Material to process section start
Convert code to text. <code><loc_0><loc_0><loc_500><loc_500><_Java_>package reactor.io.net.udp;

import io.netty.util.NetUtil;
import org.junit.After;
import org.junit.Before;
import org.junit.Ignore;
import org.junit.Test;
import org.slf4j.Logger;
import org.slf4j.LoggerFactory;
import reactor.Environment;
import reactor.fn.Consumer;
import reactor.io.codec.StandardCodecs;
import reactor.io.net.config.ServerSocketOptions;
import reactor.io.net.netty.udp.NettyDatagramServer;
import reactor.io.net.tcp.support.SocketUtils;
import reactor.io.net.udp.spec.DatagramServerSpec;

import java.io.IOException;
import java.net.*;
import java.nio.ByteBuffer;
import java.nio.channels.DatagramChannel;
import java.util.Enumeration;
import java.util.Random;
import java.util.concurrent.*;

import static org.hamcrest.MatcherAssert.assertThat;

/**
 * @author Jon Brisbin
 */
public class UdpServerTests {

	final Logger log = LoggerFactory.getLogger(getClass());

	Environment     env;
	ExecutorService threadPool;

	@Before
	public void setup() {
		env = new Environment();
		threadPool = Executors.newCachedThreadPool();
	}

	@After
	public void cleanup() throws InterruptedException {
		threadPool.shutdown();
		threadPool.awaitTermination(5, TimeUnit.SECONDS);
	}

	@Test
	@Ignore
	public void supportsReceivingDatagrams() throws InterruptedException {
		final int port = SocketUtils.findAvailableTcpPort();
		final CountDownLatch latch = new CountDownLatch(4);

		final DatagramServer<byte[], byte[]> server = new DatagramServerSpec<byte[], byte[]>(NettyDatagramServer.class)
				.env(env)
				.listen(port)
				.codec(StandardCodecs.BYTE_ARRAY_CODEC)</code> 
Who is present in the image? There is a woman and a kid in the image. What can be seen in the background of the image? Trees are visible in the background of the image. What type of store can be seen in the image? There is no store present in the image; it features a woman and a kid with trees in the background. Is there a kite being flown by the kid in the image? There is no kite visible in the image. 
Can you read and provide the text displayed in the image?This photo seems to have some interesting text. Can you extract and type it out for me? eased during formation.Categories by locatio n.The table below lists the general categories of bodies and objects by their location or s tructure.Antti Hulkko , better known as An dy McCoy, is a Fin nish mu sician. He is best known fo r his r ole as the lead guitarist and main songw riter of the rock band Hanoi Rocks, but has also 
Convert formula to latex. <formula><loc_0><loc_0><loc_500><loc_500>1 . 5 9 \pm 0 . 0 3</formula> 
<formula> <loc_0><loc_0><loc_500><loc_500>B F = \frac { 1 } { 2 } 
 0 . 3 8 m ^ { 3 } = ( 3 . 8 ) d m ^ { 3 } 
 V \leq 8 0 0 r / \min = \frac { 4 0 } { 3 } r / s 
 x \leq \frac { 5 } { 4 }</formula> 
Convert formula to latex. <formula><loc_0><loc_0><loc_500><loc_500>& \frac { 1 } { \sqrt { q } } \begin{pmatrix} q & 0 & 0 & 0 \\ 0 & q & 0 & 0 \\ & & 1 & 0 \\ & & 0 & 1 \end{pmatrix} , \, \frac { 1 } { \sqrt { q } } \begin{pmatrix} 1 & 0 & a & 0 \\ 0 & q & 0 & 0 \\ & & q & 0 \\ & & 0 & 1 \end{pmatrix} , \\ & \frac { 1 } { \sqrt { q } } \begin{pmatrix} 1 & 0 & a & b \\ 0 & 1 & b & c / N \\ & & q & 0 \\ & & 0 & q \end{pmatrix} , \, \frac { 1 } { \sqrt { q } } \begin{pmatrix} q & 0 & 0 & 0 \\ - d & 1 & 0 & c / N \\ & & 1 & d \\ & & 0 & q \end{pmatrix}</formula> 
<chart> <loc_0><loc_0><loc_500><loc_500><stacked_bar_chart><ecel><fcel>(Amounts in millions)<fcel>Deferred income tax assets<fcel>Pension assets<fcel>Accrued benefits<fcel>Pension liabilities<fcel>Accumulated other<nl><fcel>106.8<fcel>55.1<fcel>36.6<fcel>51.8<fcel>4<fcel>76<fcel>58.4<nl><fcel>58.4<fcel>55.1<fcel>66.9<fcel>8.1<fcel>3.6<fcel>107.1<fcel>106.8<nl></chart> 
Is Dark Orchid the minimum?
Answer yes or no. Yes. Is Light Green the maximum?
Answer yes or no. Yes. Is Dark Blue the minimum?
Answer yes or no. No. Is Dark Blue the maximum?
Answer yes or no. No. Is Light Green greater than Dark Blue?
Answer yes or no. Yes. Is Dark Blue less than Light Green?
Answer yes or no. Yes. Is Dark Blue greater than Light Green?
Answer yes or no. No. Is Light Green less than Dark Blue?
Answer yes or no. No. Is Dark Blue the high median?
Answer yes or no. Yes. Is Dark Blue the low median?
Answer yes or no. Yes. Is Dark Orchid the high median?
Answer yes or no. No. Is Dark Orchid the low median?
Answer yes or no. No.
Material to process section end
_Exercise details_: Scan the entries for lines with the string "maximum". Report only how many there are.

_Response to the task_: 2